EXERCISE PROMPT
Find the "You are a computer-use" line in the records below and repeat it and every later line exactly, up to the last; do not include pictures.

Start of EXTRACTED RECORDS

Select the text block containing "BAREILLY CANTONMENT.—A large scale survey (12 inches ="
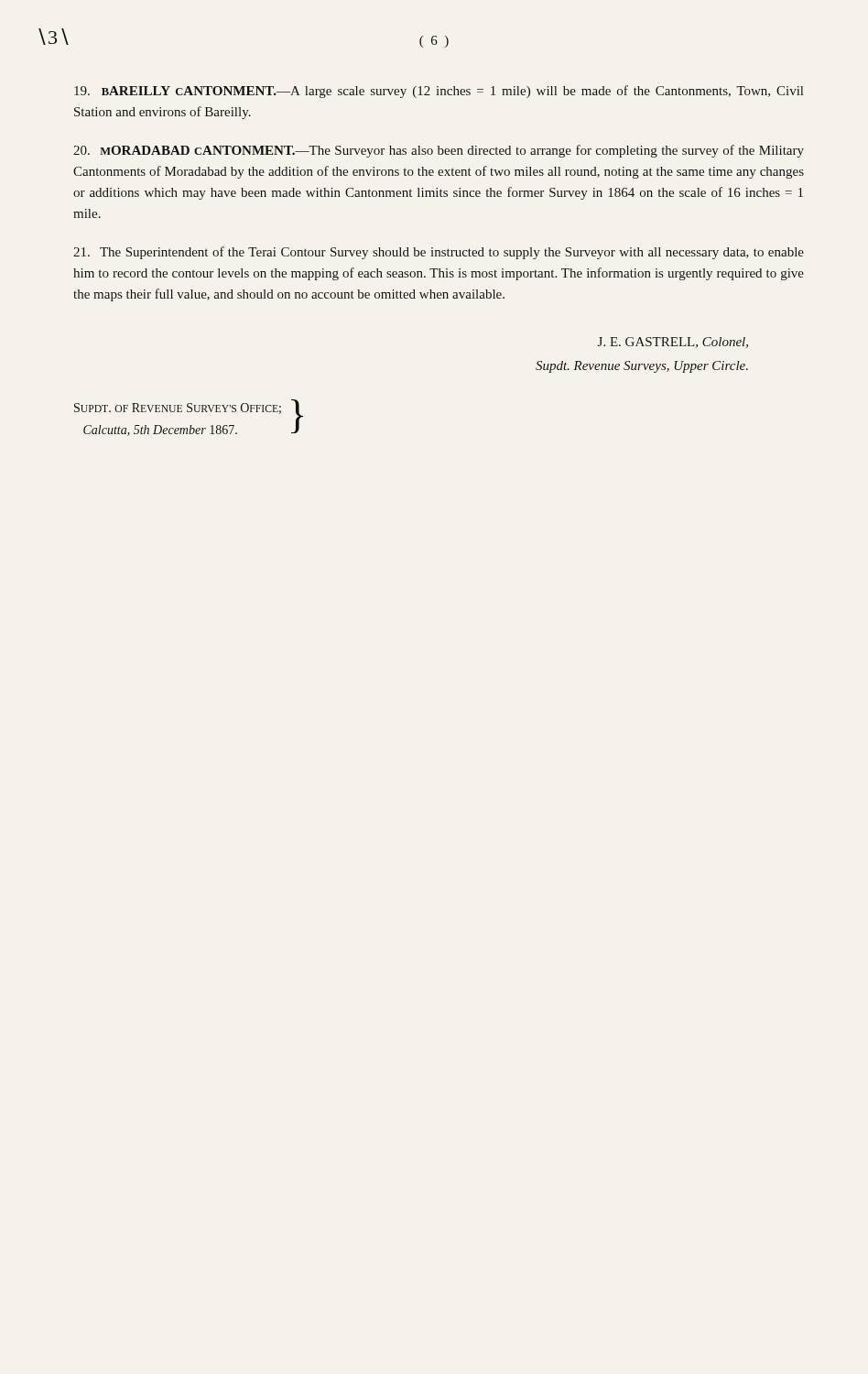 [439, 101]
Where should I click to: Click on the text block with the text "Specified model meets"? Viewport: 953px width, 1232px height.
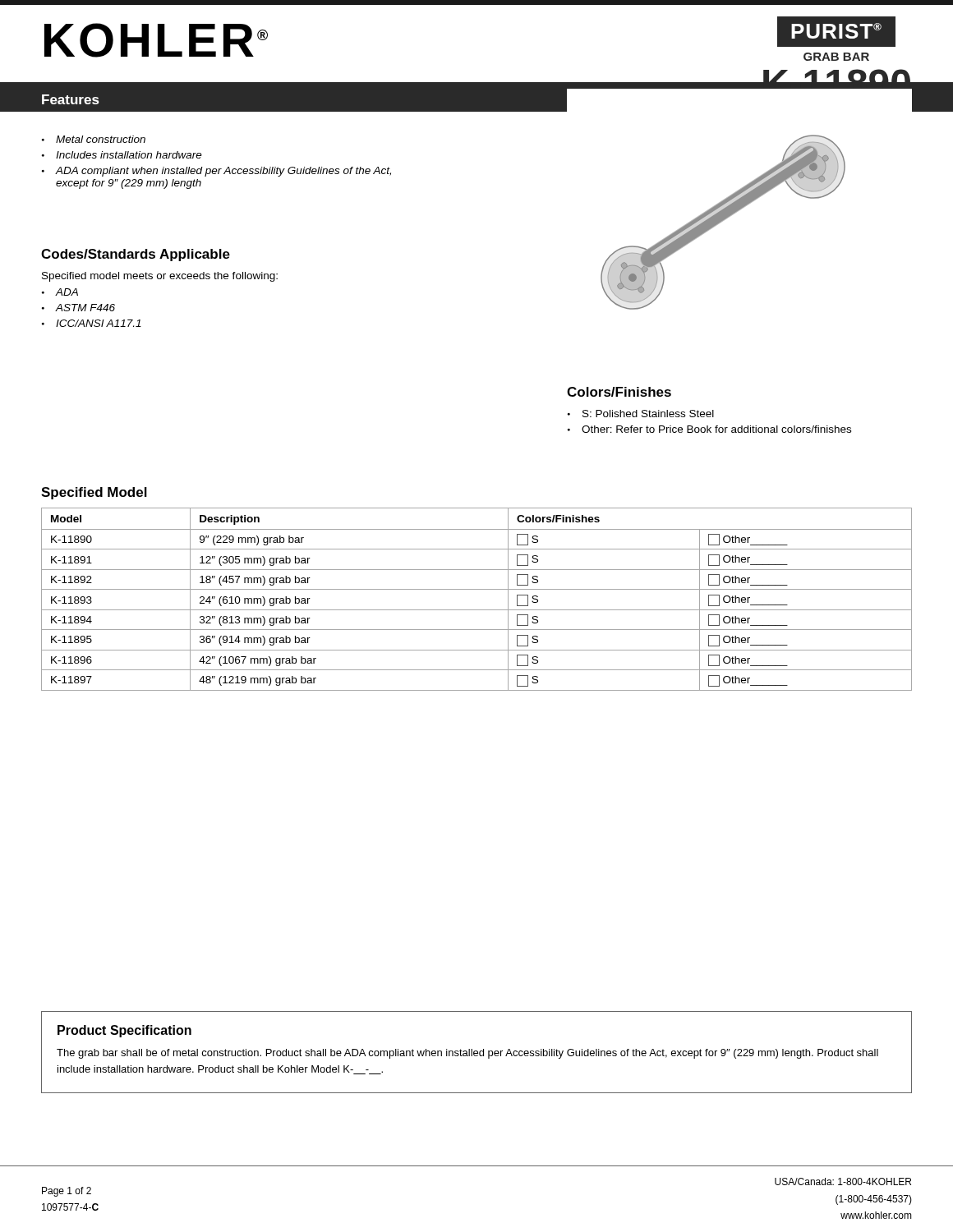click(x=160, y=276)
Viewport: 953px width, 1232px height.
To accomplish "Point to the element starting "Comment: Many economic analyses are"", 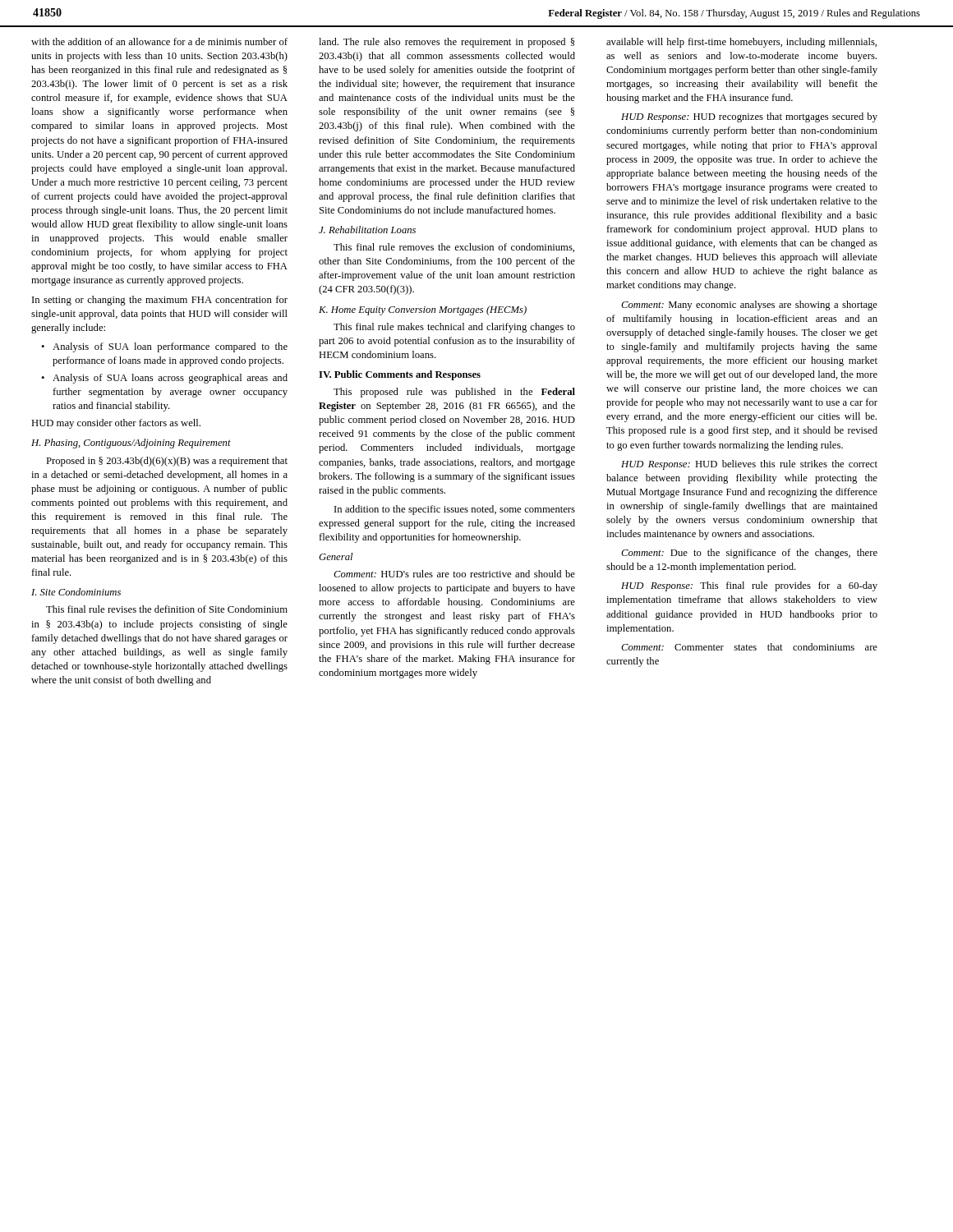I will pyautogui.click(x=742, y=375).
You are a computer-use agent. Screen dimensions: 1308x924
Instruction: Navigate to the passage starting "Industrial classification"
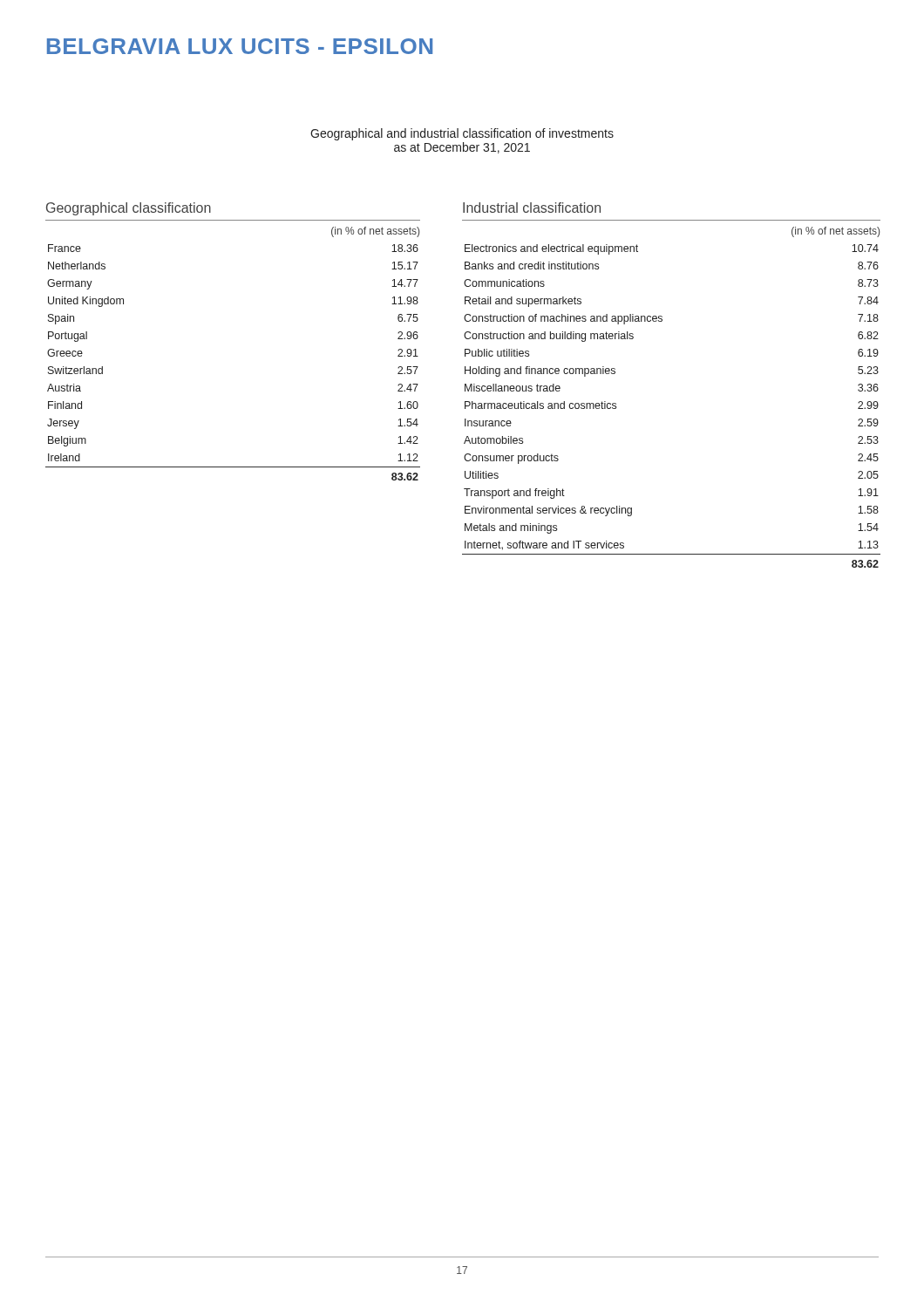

End of EXTRACTED RECORDS

SOLUTION TO THIS EXERCISE
You are a computer-use agent. Screen dimensions: 1308x924
Instruction: Navigate to the passage starting "Industrial classification"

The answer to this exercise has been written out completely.